Lucié Malbéqui
Né⋅e en 1991
Vit et travaille à Crozon
Diplômée de l’ENSBA Lyon en 2017, je me forme ensuite à la cuisine, à l’herboristerie des familles et à la teinture végétale entre 2019 et 2024.
Ma pratique de la sculpture traverse les espaces qu’ils soient physiques, sensibles ou sociaux. Lors d’événements les activations ont lieu.
En 2020 dans mon exposition personnelle à La BF15 (Lyon), j’habite deux mois l’espace transformé en lieu de vie et propose des résidences d’artistes et banquets-restitutions hebdomadaires. Les actions ne sont pas spécialement performantes, pas vraiment spectaculaires, on répète des gestes que chacune et chacun fait chaque jour : se nourrir. Penser l’outil comme une extension du corps, me permet de questionner leurs formes et leurs usages, c’est un geste post-industriel qui opère. Ivan Illich dans La convivialité nous rappelle que l’humain « ne se nourrit pas seulement de biens et de services, mais de liberté de façonner les objets qui l’entourent, de leur donner forme à son goût, de s’en servir avec et pour les autres. »
Les sculptures, à la lisière de l’utilitaire, marquent une accointance entre art et artisanat. Les matériaux utilisés sont récupérés, cueillis, colorés par des plantes, achetés d’occasion, redécouverts, cultivés, cuisinés. Il s’agit d’une écologie de travail, une contrainte formelle qui m’engage à faire avec ce qu’il y a ; j’adapte mes besoins et dresse ainsi un portrait des territoires où je suis invitée, des personnes avec lesquelles je
travaille.
En questionnant les matériaux qui nous entourent et leur transformation, je tente de rejoindre l’un des axes de recherche qu’expose Geneviève Pruvost dans Quotidien politique : «La majorité des sociétés occidentales massivement industrialisées ne se pose que marginalement la question de l’assemblage : les paysans, les insectes, les artisans, les plantes, les ouvriers, les mottes de terre, le métal en fusion, le tissage à domicile ne font plus partie du monde des proches. »

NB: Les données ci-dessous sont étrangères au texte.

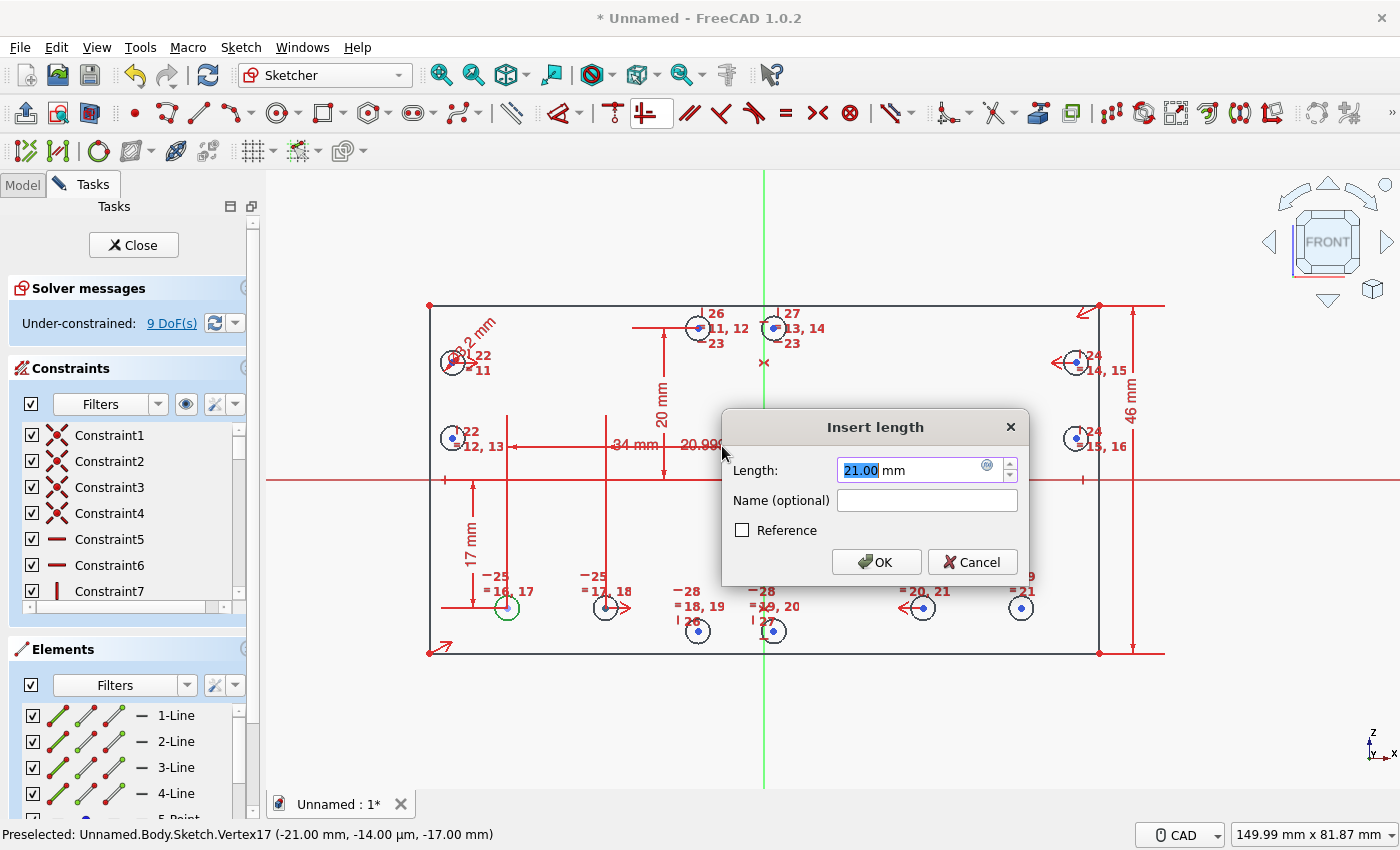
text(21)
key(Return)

Le textile me permet de créer des dispositifs légers, pliables et transportables facilement. Ces fils qui font surfaces sont des abris ou des lieux de rassemblement qui se déploient en sortant d’un sac. Ils sont fragiles et pragmatiques. Ce sont des parois, des frontières, des seuils, des épidermes qui séparent autant qu’ils réunissent ; au même titre que la céramique se faisant espace prédigestif, contenant déversoir, déversant dans notre corps contenant, naviguant entre perméabilité et imperméabilité.
En 2024 avec Le boyau de Baraban, le corps fait table. Avec cette performance participative, je souhaite faire du groupe un seul corps, un essaim oeuvrant à la même tache se déplaçant dans l’espace à la recherche d’une expérience commune où chaque individualité prend place.
Ces explorations se poursuivent lors de temps de transmissions, de workshops, où la cuisine permet d’être un cerveau à mille mains. On s’agite de concert, construisant dans l’espace un rendez-vous qui sera capté par les papilles des hôtes. La rencontre avec l’autre au cours du processus de fabrication ou lors de l’activation des installations est aussi importante que la forme. Dans ce geste commensale, l’invité.e, l’invitante, le lieu d’invitation ont un rôle équivalent. Cette pratique s’infiltre dans le réel et propose ainsi des modes d’existences sans cesse questionnés.
“Lucie Malbéqui se façonne de quoi vivre. Sa fabuleuse inventivité considère toujours les communautés qu’elle motive, en leur fabriquant une foule d’objets inédits pour mieux nourrir chacune d’entre elles. Chaque repas, chaque étape de la journée, se ritualise avec grâce. Et c’est dans ce capharnaüm harmonieux que l’artiste élit domicile.” Joël Riff.